Filed under: wingnuts
yesterday i met a man named boxcar billy. he was old, and walking with me, and complained about these annoying dogs that bark at everyone walking down this particular alley. when i agreed he shook my hand and asked my name & said, “i’m boxcar billy.” then he paused and said, “bet you don’t see too many boxcars rolling around on the street, huh?” and that made me like him. i was borderline annoyed before.
then i watched queer as folk & went back to the post office & was denied a PO box yet AGAIN & got grumpy & read books & then tiffini & i went to the classy water steps:
in which i wore my miracle bathing suit: the top and the bottom were purchased separately, two different stores, two different brands, two different states even. yet they match perfectly and combine into the first non-frumpy bathing suit i have had in many years.
the water steps are apparently a very romantic location, as we saw not one but two hetero couples with professional photogs in tow taking pictures that seemed like they’d accompany a wedding invitation. one was a truly generic couple where the dude looked very resentful at having to do this couple-y thing, and the other was a genuinely bizarre couple where the dude was bald and the woman looked like “topanga from boy meets world”, as billy (who met us there) said. when we left, topanga and baldy were getting a romantic picture taken at…the bus shelter?!? there was also a couple who didn’t have a photographer but were just making out in a very foreplay-ish way. oh, heteros.

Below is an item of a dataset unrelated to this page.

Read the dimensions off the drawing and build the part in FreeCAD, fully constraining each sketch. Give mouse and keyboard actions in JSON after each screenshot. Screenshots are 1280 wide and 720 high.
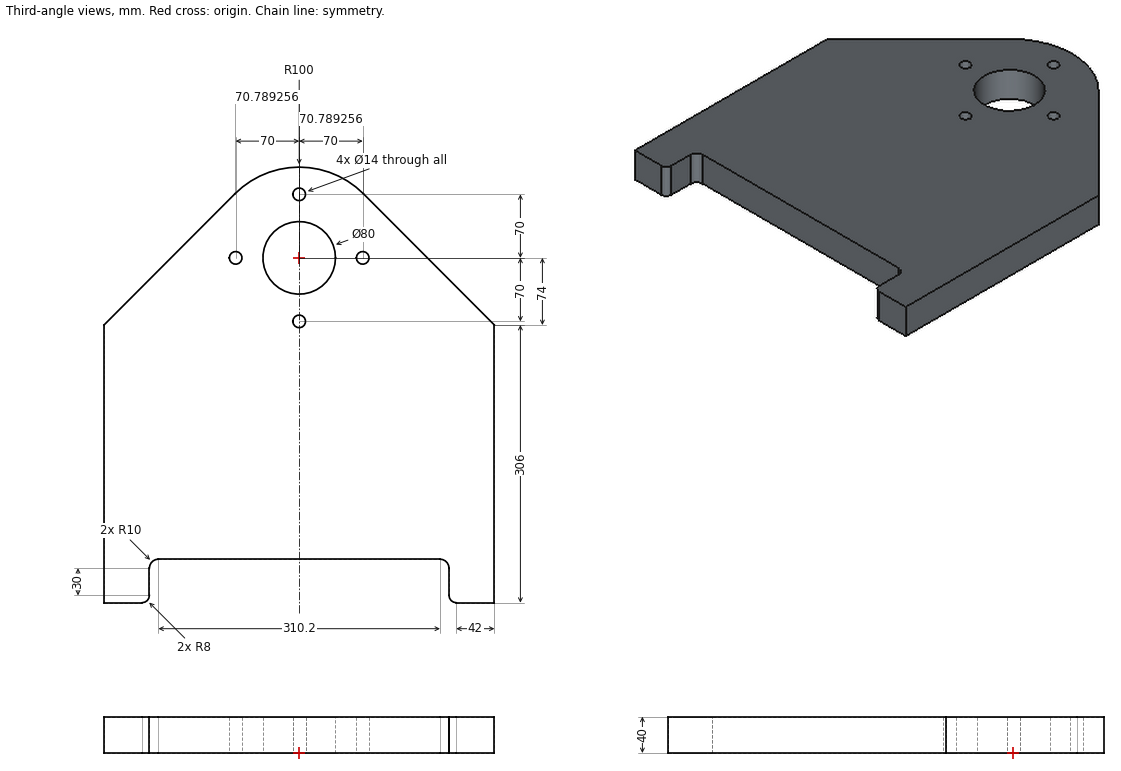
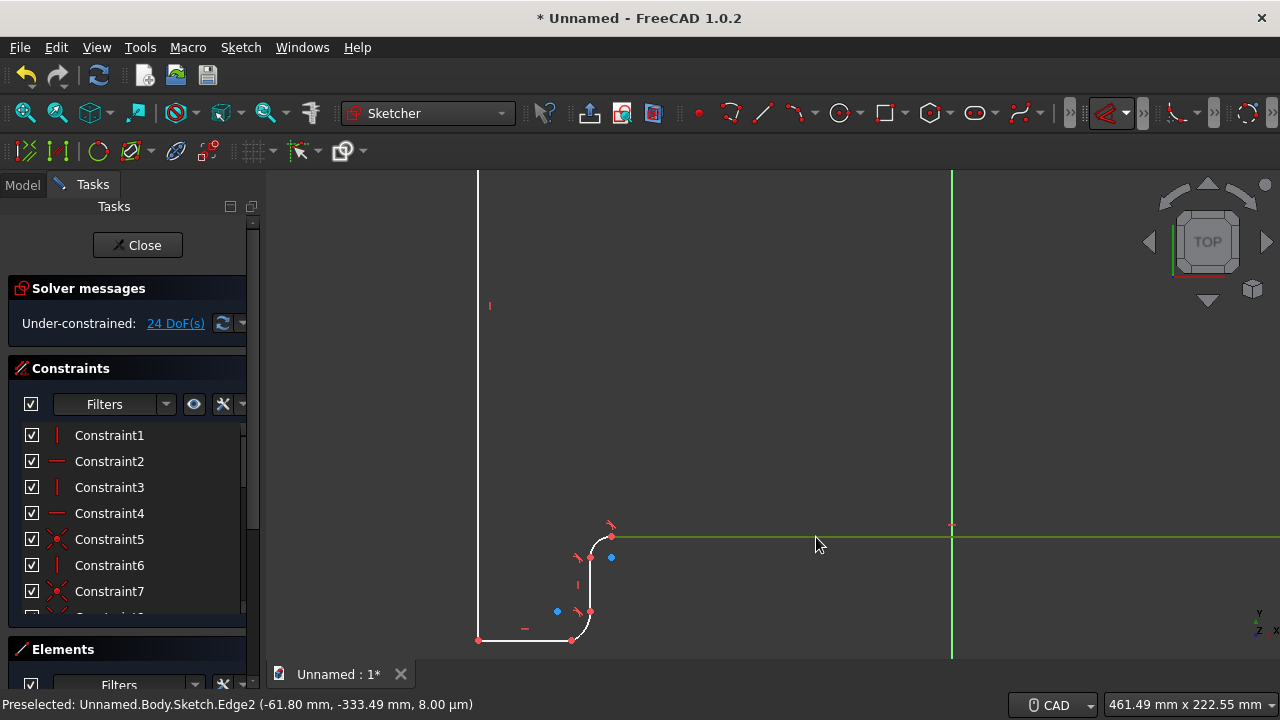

i hardly slept at all last night. not for good reasons, like mayhem or doin’ it, but because i just couldn’t sleep. i guess the espresso milkshake consumed at 9pm and the whiskey consumed at 11:30 didn’t help matters. i tossed, i turned, i sang that old song that goes, “last night, i couldn’t get to sleep at all (no, no)”, i heard the birds chirp and the recycling truck come and generally fretted. now i am at work & surprisingly coherant, but also mildly annoyed because there is nothing to be done & i could be sleeping.
in the hour or so that i slept, i had a dream that my poems got published on a postcard series & i was super excited, but then realized that the postcard series was bankrolled by women aglow (which is a terrible right wing xtian organization. look them up) and felt terrible.
i am at “work” at the TBH, listening to the local alterna-radio station play fuzzily while reading a book of essays by sarah schulman (heart!). “you know you’re right” by nirvana just came on & it reminded me of something weird. six years ago, on long island for the first time in a long time. i went on a job interview & didn’t bring my bike to the train station because it was 95 degrees out & i didn’t want to be sweaty. i took a cab from the train station in mineola to the job interview (which is another funny story but doesn’t fit in with what i’m trying to say here), went to the job interview (proofreading at a local paper), had literally everyone in the office stop what they were doing and stare at me in shocked silence (oh long island. this was during my closet-tranny period). i walked back to mineola & took the train back to syosset. nobody was home to pick me up, so i got into the cab.
cabs in long island are weird—you don’t get one all to yourself unless you pay top $. usually, you are herded in there with up to 5 other strangers and you get driven all over with them. there’s no meter & drivers charge whatever the hell they feel like. that day, the driver was my favorite one–a mid-20’s white guy with long tennis-ball-colored dreads. he was wearing overalls with no shirt & you could see his pierced nipple. some irritating woman was demanding that he drive her first, alone, and then send someone else to pick up the hordes. “fuck no! you want fucking private service, you call a fucking limo! come on, everyone, get in,” and we all herded in, kind of stunned. as we peeled out of the parking lot, he leaned out, gave her the finger, and yelled, “FUCKING YUPPIE!” everyone laughed. then “you know you’re right” came on the radio, and our cab driver got so happy, like this wave of relief visibly spread through his body. “fuck yeah,” he said, turned it up and headbanged. it made me really happy.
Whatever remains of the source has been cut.